O günlerde “Bu bir muhtıradır, AKP muhtıraya mâruz kaldı” diyen iktidar partisi sözcülerinin, ardından tıpkı Erdoğan gibi “e-muhtıra”yı “muhtıra olarak görmedikleri”ni tekrarlayıp, aynen emekli paşanın ağzıyla, 27 Nisan “e-muhtırası”nı “sâdece TSK’nin laiklik hassasiyetlerini kamuoyuna bildiren bir bildiri” olarak geçiştirmeleri, işin içinde bir “iş” olduğuna dair istifhamları arttırıyor.

Daha önce “e-bildiriyi ‘muhtıra’ olarak algıladık ve kese kâğıdına çevirdik” diyen AKP’li Ömer Çelik’in “Genelkurmay eski Başkanı verdiği muhtıranın arkasında durmamış; bunun için soruşturmaya gerek görülmemiştir” savunmasındaki dönüş, bu tenâkuzlardan…

Oysa son dönemde gündemden âdeta kaçırılan “e-muhtıra”, 2007 seçimlerinde AKP cânibince bir “muhtıra” olarak lanse edilip siyasî polemikle oy devşirme aracı haline getirilmişti.

Zira “e-muhtıra”nın ertesi günü Büyükanıt’la görüşen dönemin Millî Eğitim Bakanı Hüseyin Çelik, üç yıl sonra AKP Genel Başkan Yardımcısı olarak, “Biz hükümet olarak bildiriyi ‘muhtıra’ olarak algıladık, ona göre cevap verdik; hükümet bunu sineye çekseydi, bildiri muhtıra olarak kalmaya devam ederdi” diye konuşmuştu. (Ömer Şahin, Kanal A, 11.3.10) Ve Başbakan Yardımcısı Arınç, açık açık “e-bildiri’nin seçimlerde AKP’ye en az yüzde 10-15 oy kazandırdığını ikrar etmişti…

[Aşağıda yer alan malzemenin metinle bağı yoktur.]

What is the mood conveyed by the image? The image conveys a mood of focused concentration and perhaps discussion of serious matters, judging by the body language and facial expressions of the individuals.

“DANIŞIKLI DÖVÜŞ” SORGULAMASI

Şu hale bakın; bir Genelkurmay Başkanı çıkıp, “e-muhtıra’yı ben yazdım” diyor. Başbakan kapalı kapılar arkasında, ne devletin arşivlerinde, ne de başka bir yerde tutanağı olmayan bir görüşme yapıyor! Peşinden “muhtıra”yı veren emekli paşaya hükûmetçe “üstün hizmet madalyası” takılıp bir trilyon iki yüz milyarlık zırhlı araba tahsis ediliyor! Ama bütün bunların hiçbir açıklaması yok.

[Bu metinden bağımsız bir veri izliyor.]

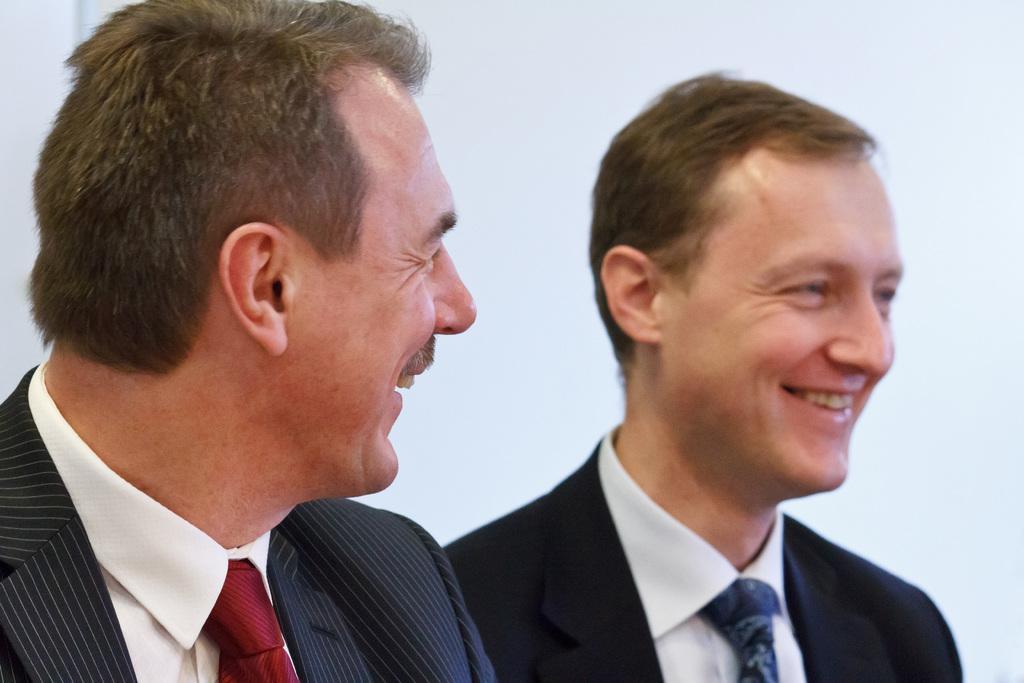Can you describe this image briefly? In this image we can see two persons with a smiling face and we can also see the white background.

Özetle hükûmet sözcüsünün, “Bu hükûmetin ve partinin başında, birisi öksürdüğü aksırdığı zaman arkasına bakmadan şapkasını alıp kaçan birisi yok; başımıza çok şey geldi, ama dimdik duruyoruz!” türü saptırıcı politik propagandalarla eski siyasetçileri suçlamasına karşı, 28 Şubat sürecinin aktörlerinden emekli koramiral Atilla Kıyat’ın, “Öksürene ne yaptın?’ Öksürenle yaşam boyu sırdaş-kanka oldunuz!” sorusuna cevap verilmiş değil. (Star Tv,; gazeteler, 15-16.11.09)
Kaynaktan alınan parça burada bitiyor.